**Exercise details:** Below is a listing. Quote from it, exactly, the lines from the one containing "2) cosmetic package (120,100,329,195)" down to the one containing "9) boot (706,463,719,502)", both ends included, and nothing else.

**Data to use:**
= = = =
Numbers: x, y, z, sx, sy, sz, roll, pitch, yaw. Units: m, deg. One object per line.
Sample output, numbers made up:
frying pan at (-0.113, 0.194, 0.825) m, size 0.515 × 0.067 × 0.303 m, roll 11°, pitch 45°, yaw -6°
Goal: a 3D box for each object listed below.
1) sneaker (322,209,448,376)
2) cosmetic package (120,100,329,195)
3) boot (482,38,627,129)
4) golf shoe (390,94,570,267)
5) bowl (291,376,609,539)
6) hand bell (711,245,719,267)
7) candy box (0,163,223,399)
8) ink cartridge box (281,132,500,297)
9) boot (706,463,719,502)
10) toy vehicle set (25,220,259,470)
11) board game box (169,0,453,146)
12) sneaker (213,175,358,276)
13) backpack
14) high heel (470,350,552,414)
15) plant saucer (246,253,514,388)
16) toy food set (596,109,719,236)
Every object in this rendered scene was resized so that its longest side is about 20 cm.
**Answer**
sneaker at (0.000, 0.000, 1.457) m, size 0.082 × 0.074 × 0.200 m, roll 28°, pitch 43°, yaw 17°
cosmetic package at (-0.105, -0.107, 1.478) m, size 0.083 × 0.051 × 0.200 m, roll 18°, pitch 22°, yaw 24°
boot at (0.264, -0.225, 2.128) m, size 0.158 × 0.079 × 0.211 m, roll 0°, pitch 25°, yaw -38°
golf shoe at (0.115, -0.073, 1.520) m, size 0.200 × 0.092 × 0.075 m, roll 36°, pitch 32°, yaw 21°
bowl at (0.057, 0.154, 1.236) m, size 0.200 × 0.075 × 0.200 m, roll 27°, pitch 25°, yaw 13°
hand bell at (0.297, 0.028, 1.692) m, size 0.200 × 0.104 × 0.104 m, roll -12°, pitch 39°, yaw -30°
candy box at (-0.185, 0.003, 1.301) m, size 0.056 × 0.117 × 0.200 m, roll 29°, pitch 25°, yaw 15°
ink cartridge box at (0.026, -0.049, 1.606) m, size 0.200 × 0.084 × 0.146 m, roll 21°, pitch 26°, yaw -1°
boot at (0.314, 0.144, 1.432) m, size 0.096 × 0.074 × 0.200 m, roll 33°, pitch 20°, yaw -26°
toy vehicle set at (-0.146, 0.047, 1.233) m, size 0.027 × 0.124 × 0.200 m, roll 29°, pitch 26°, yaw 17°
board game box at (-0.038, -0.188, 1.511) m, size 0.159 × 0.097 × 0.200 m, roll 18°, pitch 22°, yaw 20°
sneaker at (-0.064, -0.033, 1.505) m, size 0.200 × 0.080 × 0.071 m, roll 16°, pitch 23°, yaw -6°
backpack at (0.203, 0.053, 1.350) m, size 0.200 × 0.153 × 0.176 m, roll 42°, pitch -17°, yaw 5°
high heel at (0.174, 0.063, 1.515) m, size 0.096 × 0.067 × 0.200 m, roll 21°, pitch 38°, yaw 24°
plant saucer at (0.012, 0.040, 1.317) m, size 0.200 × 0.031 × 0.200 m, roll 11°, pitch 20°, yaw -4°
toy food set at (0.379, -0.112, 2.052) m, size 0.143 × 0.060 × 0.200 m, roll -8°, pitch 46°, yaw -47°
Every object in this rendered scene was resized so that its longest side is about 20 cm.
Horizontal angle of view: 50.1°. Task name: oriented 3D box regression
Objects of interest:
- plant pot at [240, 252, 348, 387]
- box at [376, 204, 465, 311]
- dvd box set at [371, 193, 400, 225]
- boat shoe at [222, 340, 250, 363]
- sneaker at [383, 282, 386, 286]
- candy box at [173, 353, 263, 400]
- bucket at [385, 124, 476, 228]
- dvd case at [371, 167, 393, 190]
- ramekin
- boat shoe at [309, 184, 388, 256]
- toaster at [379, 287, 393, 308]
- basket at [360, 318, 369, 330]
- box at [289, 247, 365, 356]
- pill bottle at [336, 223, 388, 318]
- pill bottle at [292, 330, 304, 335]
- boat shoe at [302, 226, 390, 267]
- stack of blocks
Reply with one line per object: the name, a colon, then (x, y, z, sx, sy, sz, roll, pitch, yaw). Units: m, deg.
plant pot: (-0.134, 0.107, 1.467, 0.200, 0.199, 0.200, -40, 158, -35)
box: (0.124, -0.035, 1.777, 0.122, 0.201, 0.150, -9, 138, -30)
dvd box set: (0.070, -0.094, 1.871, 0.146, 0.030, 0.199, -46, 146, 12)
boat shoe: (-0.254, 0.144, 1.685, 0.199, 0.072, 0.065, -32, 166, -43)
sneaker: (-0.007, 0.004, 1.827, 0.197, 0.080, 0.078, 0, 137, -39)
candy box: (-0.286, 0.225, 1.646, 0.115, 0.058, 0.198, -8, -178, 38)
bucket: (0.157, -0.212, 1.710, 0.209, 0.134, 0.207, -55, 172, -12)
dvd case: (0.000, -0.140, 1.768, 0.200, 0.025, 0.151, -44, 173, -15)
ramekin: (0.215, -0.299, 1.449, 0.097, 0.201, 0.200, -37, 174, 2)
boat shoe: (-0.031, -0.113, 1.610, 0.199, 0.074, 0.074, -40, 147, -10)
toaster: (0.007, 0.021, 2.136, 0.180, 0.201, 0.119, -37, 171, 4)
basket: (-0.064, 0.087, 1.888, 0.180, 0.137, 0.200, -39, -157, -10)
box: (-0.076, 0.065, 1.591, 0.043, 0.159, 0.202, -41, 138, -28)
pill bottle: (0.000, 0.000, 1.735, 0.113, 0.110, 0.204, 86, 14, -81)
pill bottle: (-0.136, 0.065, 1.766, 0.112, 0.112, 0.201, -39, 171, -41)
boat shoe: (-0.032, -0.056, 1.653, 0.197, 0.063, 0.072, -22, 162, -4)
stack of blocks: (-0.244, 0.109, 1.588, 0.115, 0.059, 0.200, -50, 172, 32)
= = = =
**Exercise output:**
2) cosmetic package (120,100,329,195)
3) boot (482,38,627,129)
4) golf shoe (390,94,570,267)
5) bowl (291,376,609,539)
6) hand bell (711,245,719,267)
7) candy box (0,163,223,399)
8) ink cartridge box (281,132,500,297)
9) boot (706,463,719,502)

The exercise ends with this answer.